Input records
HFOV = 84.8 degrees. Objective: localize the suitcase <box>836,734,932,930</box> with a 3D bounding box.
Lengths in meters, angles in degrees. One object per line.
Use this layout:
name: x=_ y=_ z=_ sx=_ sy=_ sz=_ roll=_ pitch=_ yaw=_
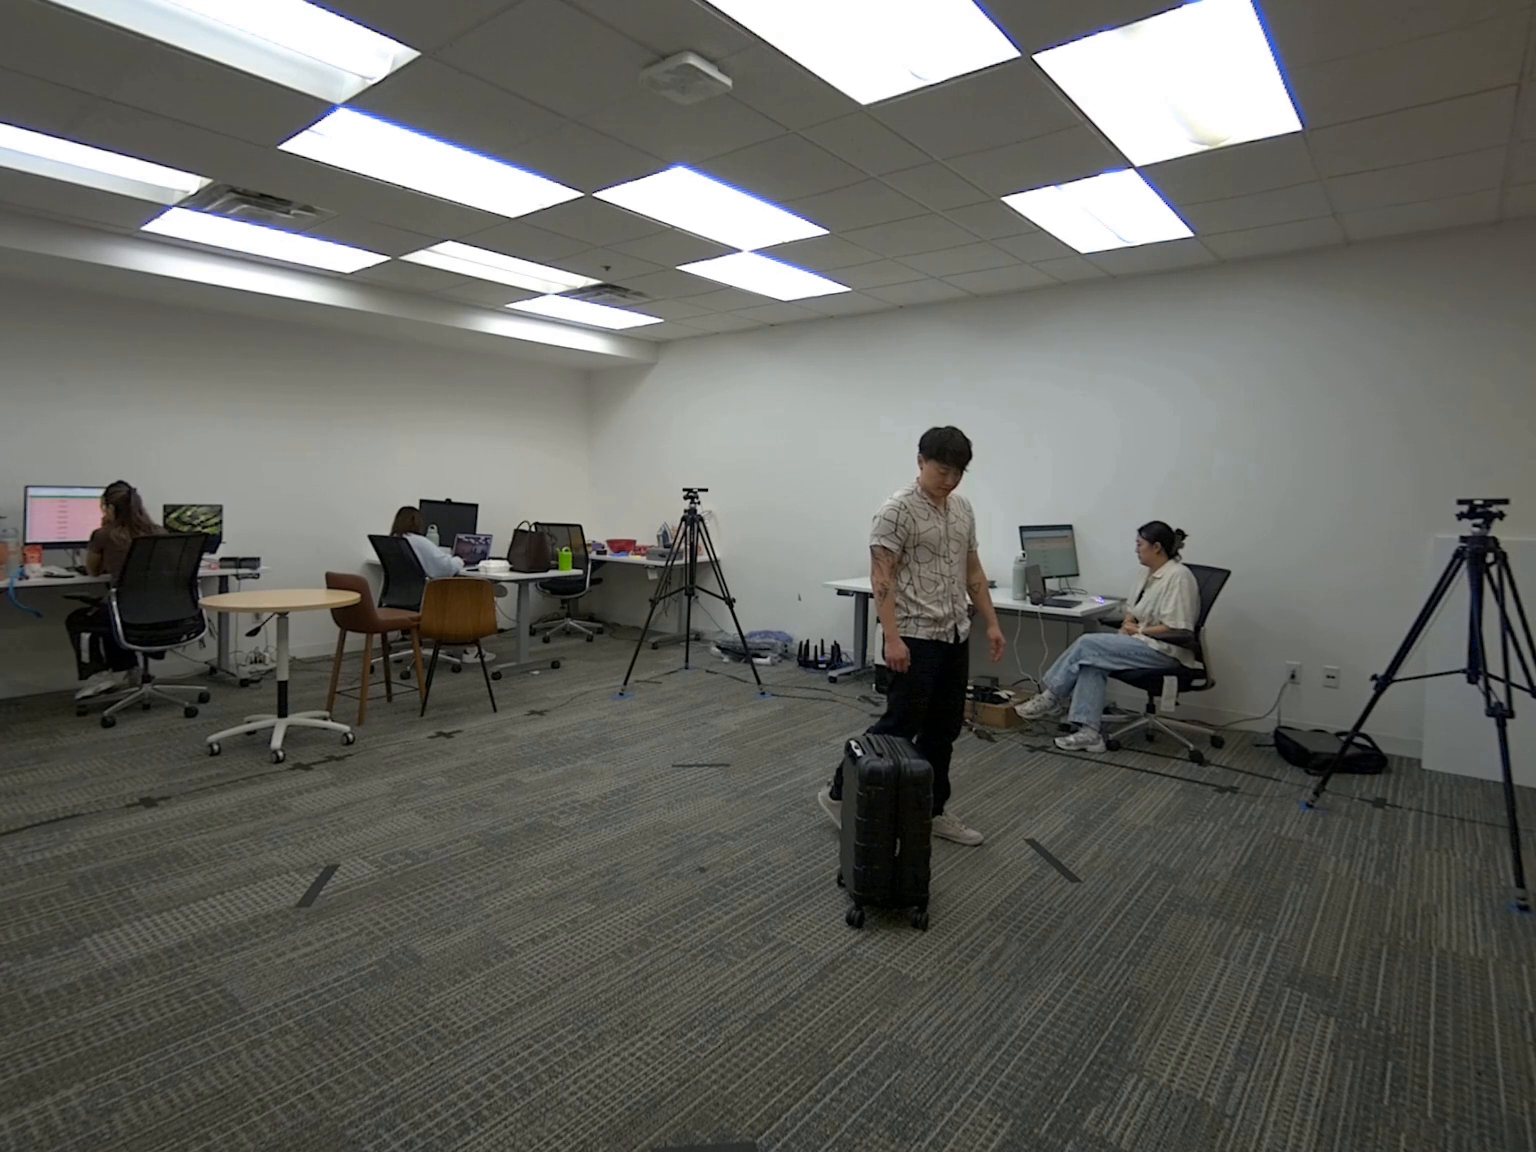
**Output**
suitcase: x=0.388 y=0.830 z=2.878 sx=0.248 sy=0.548 sz=0.377 roll=1 pitch=2 yaw=-3

Exercise brief
Make an exact copy of the listing above. Its pictures are not needed.

Written reply
HFOV = 84.8 degrees. Objective: localize the suitcase <box>836,734,932,930</box> with a 3D bounding box.
Lengths in meters, angles in degrees. One object per line.
Use this layout:
name: x=_ y=_ z=_ sx=_ sy=_ sz=_ roll=_ pitch=_ yaw=_
**Output**
suitcase: x=0.388 y=0.830 z=2.878 sx=0.248 sy=0.548 sz=0.377 roll=1 pitch=2 yaw=-3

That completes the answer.